# Exercise
Your copy of the listing must be exact and must hold no images.

# Data
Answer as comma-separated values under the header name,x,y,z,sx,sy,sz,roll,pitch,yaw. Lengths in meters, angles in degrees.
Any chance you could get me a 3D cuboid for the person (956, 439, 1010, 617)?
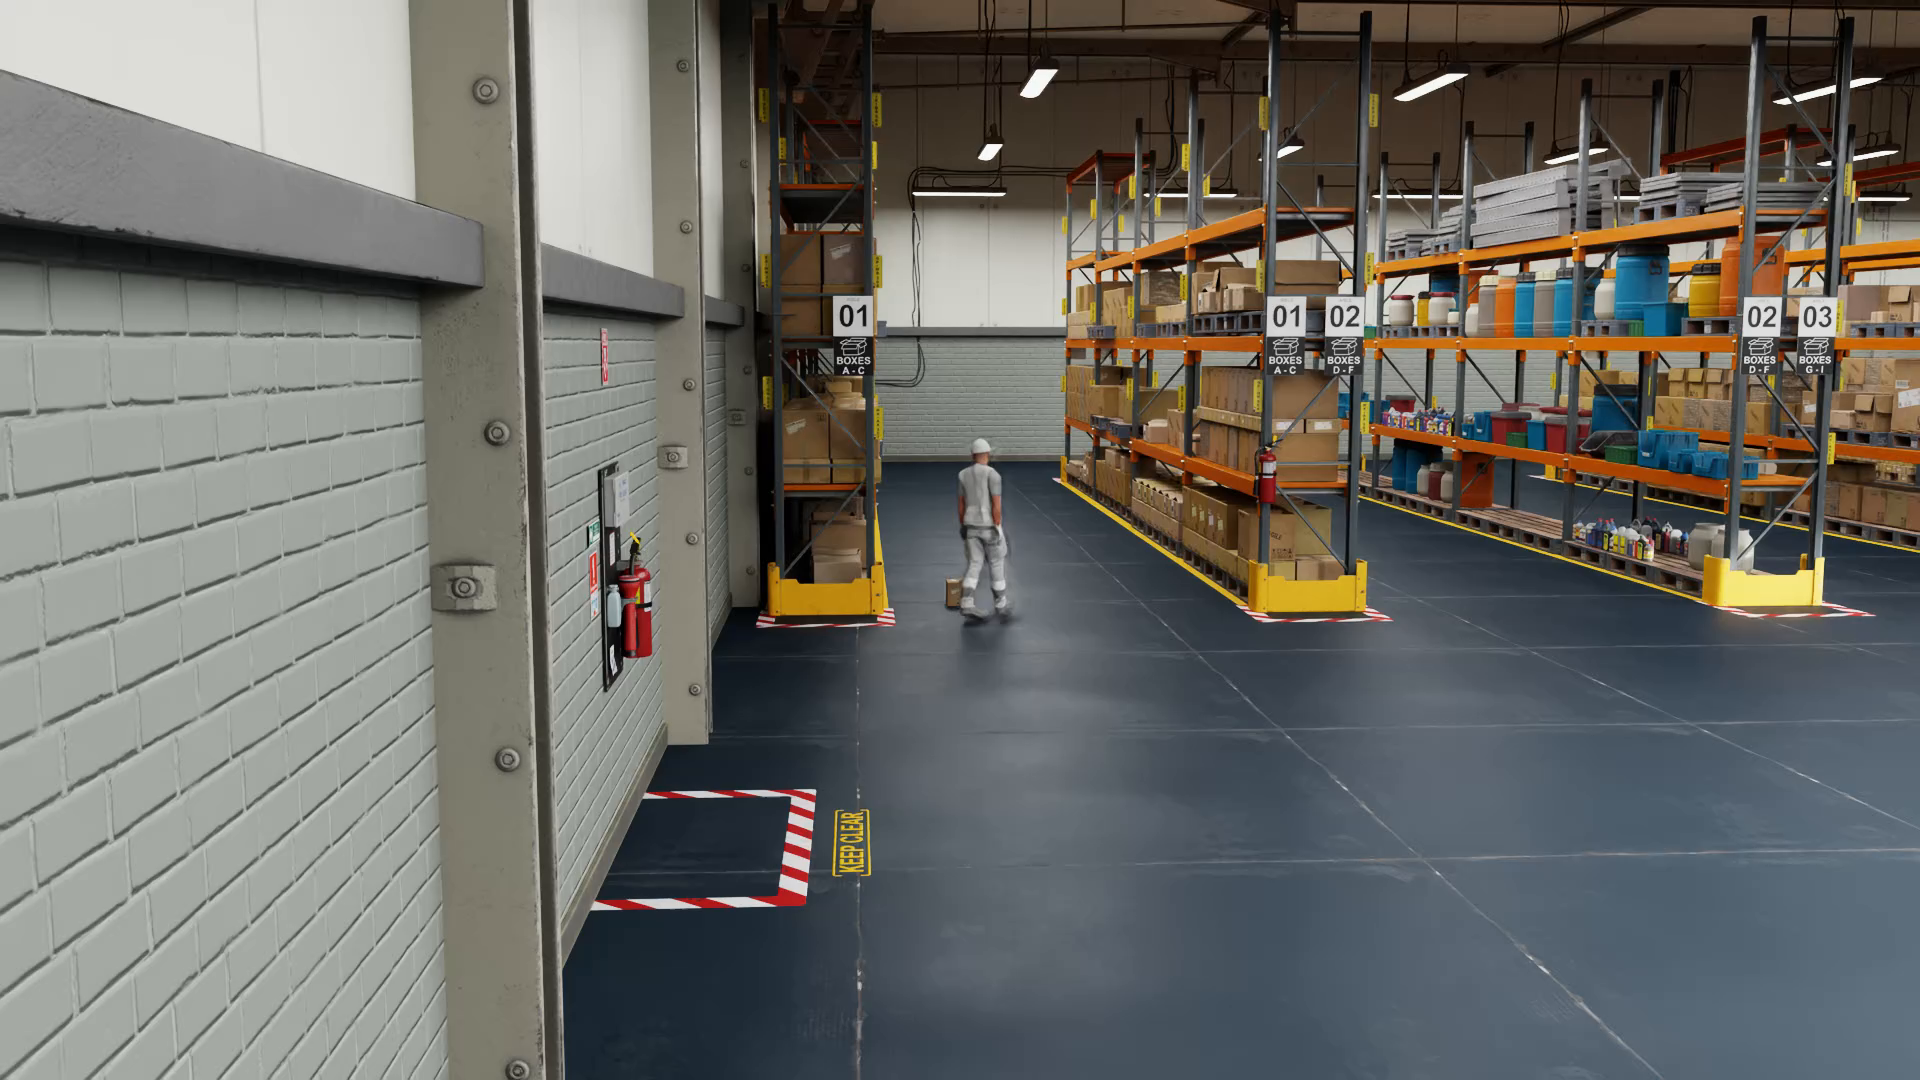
name,x,y,z,sx,sy,sz,roll,pitch,yaw
person,0.260,-0.132,16.751,0.564,1.781,0.723,5,8,34

# Output of the exercise
Answer as comma-separated values under the header name,x,y,z,sx,sy,sz,roll,pitch,yaw. Lengths in meters, angles in degrees.
Any chance you could get me a 3D cuboid for the person (956, 439, 1010, 617)?
name,x,y,z,sx,sy,sz,roll,pitch,yaw
person,0.260,-0.132,16.751,0.564,1.781,0.723,5,8,34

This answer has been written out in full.